### TASK BRIEF
For the listing below, report all lines that hold the word "with".

### SUPPLIED RECORDS
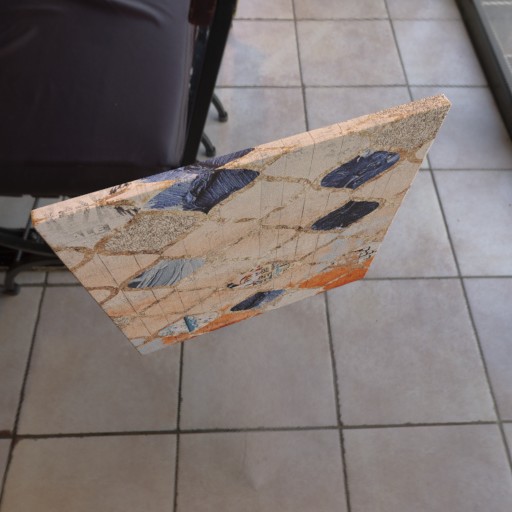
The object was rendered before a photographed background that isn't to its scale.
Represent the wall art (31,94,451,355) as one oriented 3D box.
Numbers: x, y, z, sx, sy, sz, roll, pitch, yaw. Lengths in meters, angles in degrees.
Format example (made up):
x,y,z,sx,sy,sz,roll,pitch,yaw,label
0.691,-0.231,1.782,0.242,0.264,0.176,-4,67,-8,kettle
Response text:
x,y,z,sx,sy,sz,roll,pitch,yaw,label
0.000,0.000,1.316,0.912,0.914,0.039,-18,64,-9,wall art
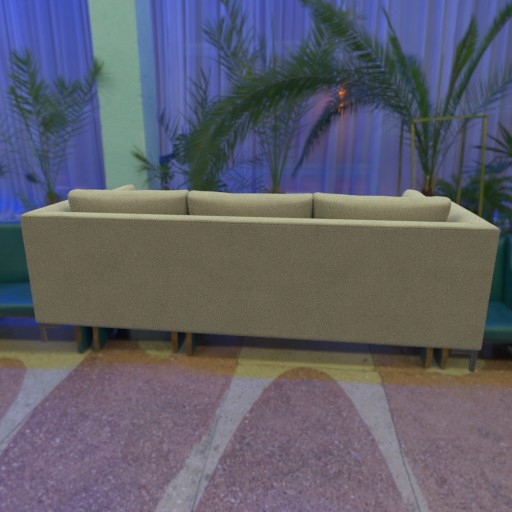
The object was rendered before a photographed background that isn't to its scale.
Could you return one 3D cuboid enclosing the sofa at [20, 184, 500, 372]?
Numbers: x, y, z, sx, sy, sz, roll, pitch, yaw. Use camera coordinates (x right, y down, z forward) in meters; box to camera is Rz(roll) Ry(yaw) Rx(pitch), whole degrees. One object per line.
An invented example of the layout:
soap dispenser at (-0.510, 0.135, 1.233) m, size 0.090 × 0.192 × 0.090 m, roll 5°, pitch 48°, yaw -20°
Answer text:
sofa at (0.000, 0.000, 2.747) m, size 2.415 × 0.867 × 0.969 m, roll 2°, pitch 16°, yaw 7°
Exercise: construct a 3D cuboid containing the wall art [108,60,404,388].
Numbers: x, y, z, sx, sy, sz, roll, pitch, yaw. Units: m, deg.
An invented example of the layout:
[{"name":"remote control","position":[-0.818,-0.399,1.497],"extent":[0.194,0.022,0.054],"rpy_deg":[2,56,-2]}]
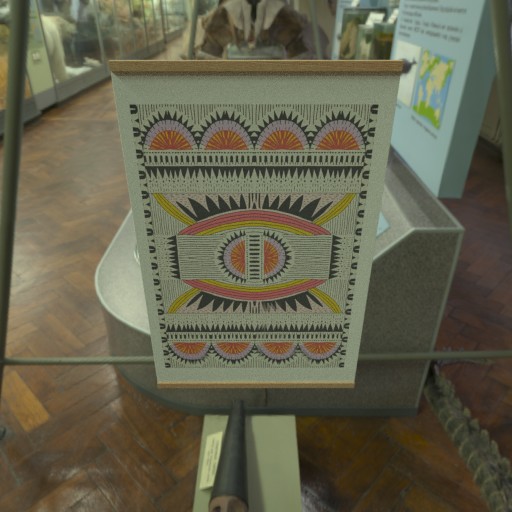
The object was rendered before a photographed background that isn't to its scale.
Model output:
[{"name":"wall art","position":[0.000,0.000,1.889],"extent":[0.999,1.533,0.028],"rpy_deg":[0,30,0]}]
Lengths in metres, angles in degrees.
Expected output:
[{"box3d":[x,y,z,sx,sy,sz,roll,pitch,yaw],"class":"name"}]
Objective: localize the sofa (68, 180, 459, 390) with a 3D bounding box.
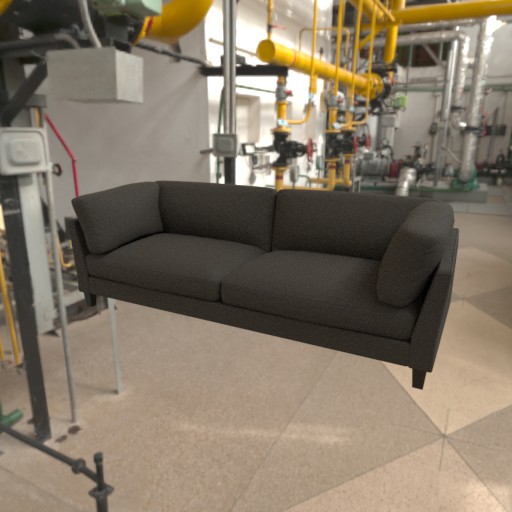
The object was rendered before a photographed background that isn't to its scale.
[{"box3d":[0.000,0.000,2.793,2.312,0.792,0.969,8,18,26],"class":"sofa"}]
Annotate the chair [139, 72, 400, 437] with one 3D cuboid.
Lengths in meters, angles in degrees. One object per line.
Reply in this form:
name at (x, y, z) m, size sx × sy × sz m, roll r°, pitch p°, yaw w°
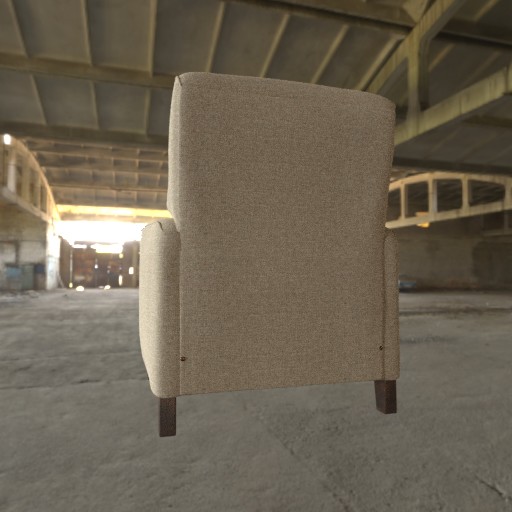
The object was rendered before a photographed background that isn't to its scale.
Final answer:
chair at (0.000, 0.000, 1.664) m, size 0.841 × 1.028 × 0.858 m, roll 1°, pitch -2°, yaw -16°
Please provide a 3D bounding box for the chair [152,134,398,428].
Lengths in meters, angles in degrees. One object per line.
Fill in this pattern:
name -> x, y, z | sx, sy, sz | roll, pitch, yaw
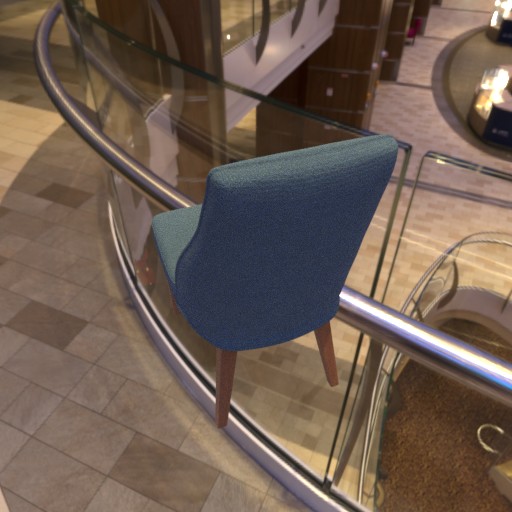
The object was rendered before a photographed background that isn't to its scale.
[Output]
chair -> 0.000, 0.000, 1.276 | 0.500, 0.930, 0.620 | -15, 43, -16
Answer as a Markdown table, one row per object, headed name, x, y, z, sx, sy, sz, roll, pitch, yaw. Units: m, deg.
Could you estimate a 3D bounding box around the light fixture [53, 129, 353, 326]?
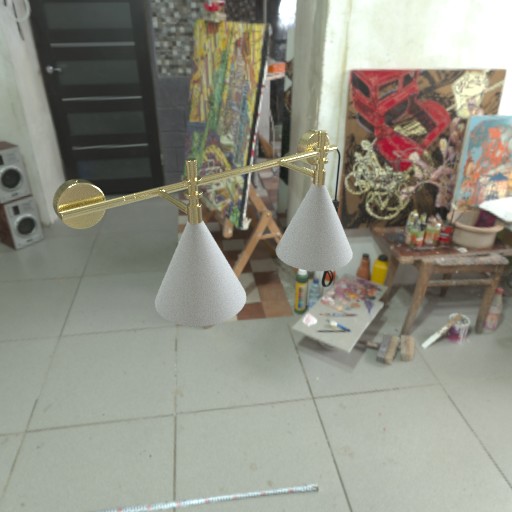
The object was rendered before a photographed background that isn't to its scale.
| name | x | y | z | sx | sy | sz | roll | pitch | yaw |
| --- | --- | --- | --- | --- | --- | --- | --- | --- | --- |
| light fixture | 0.000 | 0.000 | 0.875 | 0.642 | 0.468 | 0.239 | -21 | 36 | -32 |

### EXERCISE ANSWER
Objective: localize the sofa (68, 180, 459, 390) with a 3D bounding box.
Annotate the chair [139, 72, 400, 437] with one 3D cuboid.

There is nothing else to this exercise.